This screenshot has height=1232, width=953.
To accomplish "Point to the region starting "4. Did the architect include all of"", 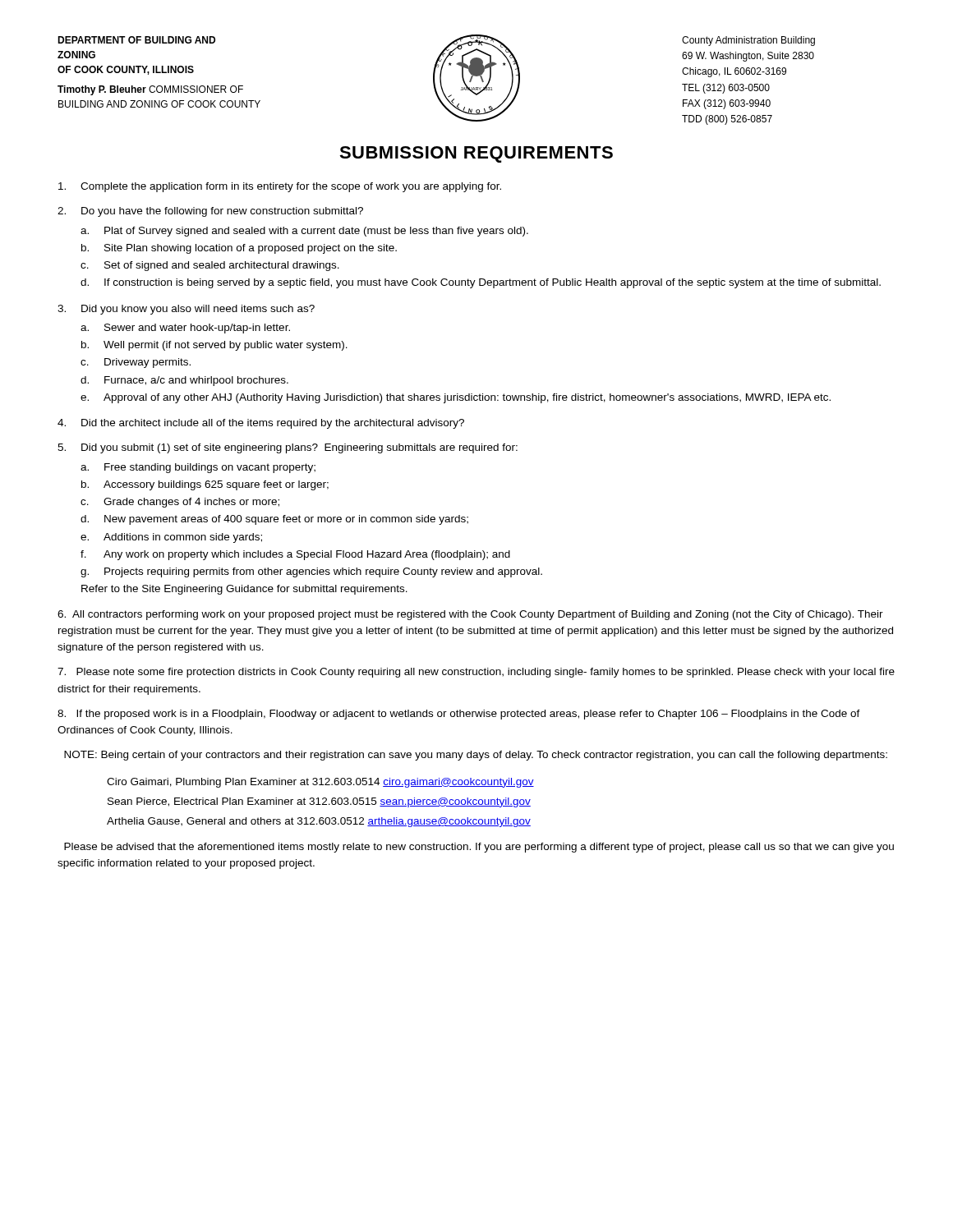I will pyautogui.click(x=261, y=424).
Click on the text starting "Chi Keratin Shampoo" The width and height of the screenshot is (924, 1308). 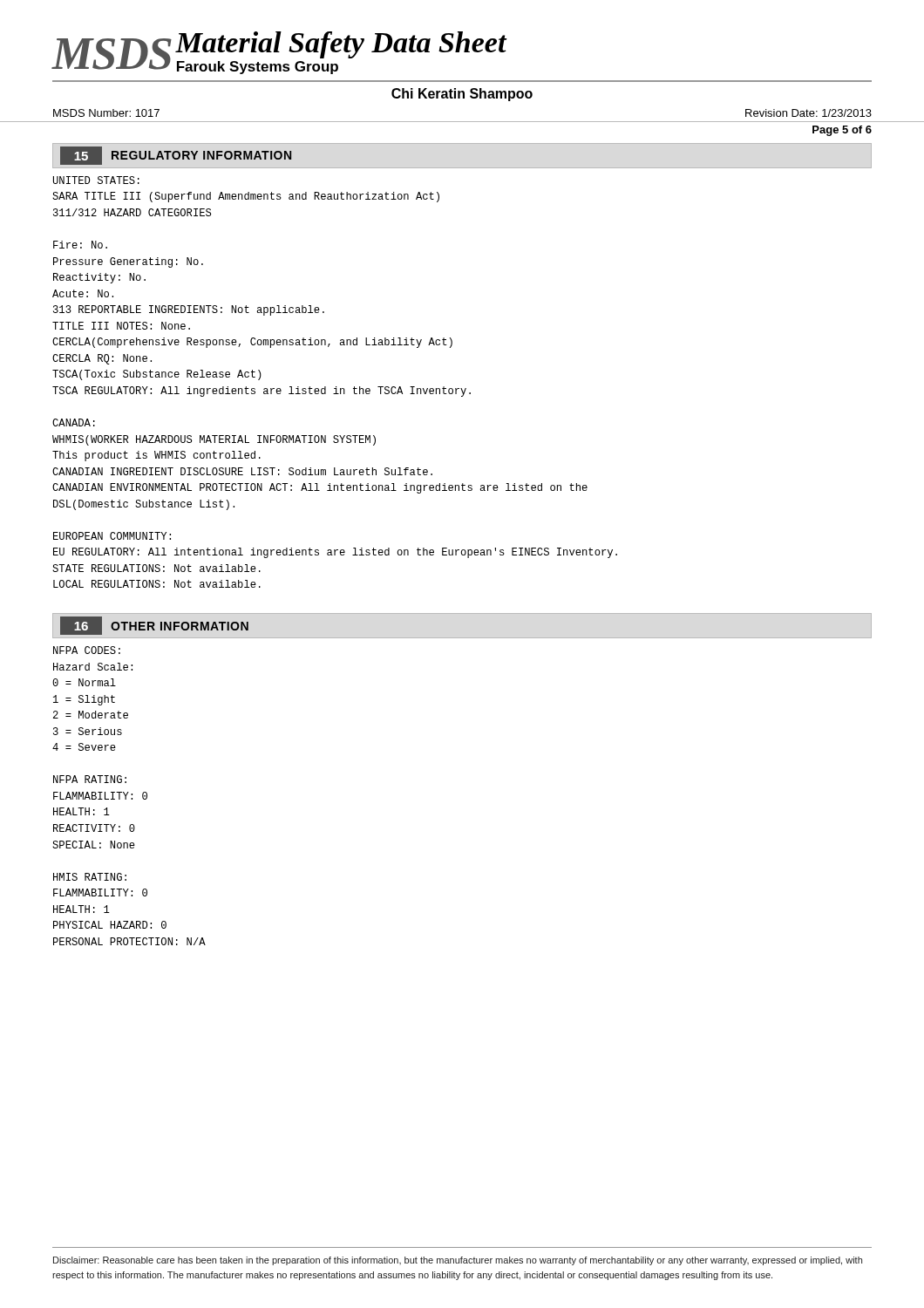click(x=462, y=94)
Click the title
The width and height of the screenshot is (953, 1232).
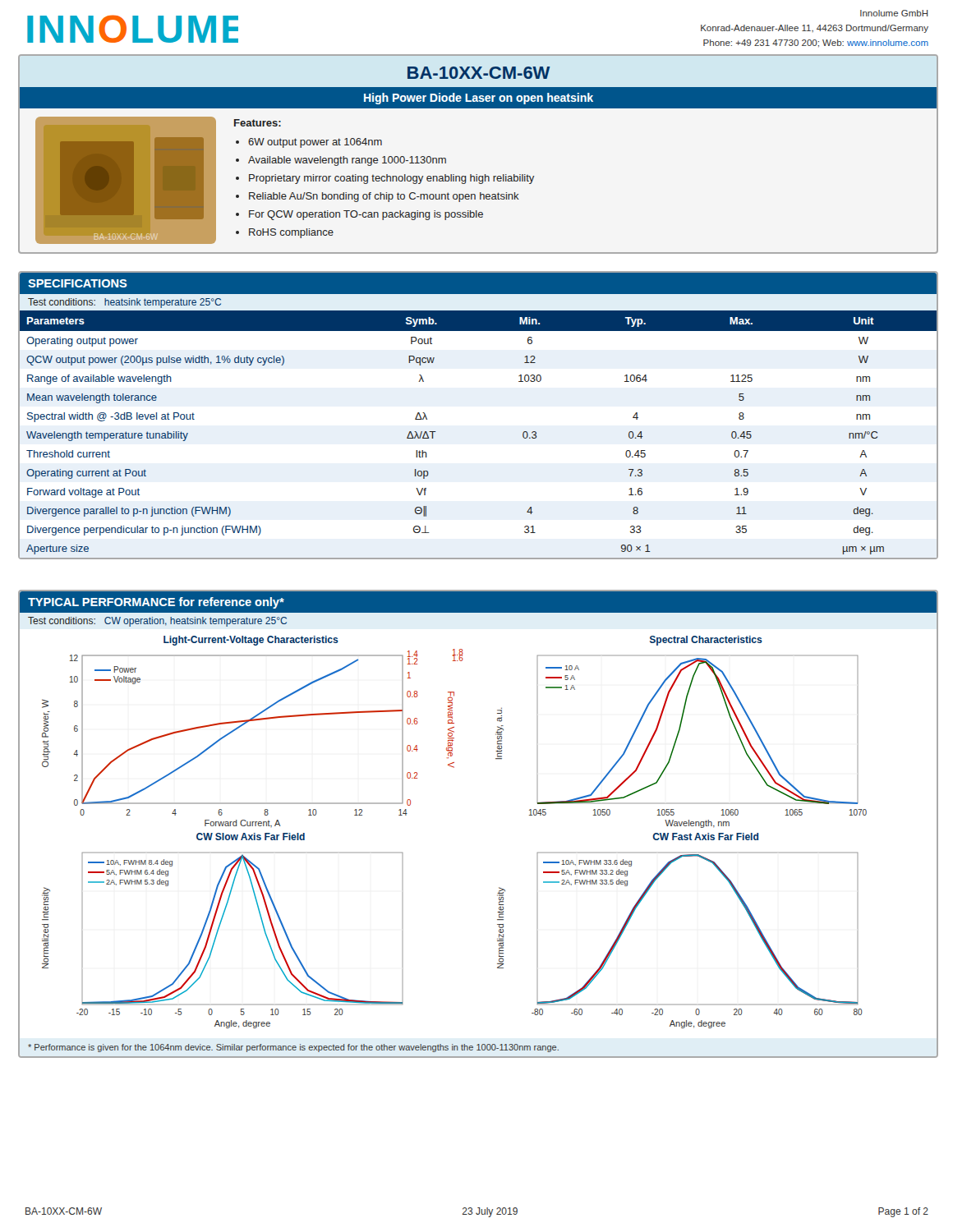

[WORK ITEM]
Omit the pictures and please write out exactly the lines between the one containing "Click the title" and the last line of the entries, both included.

[EXERCISE RESULT]
Click the title
The width and height of the screenshot is (953, 1232).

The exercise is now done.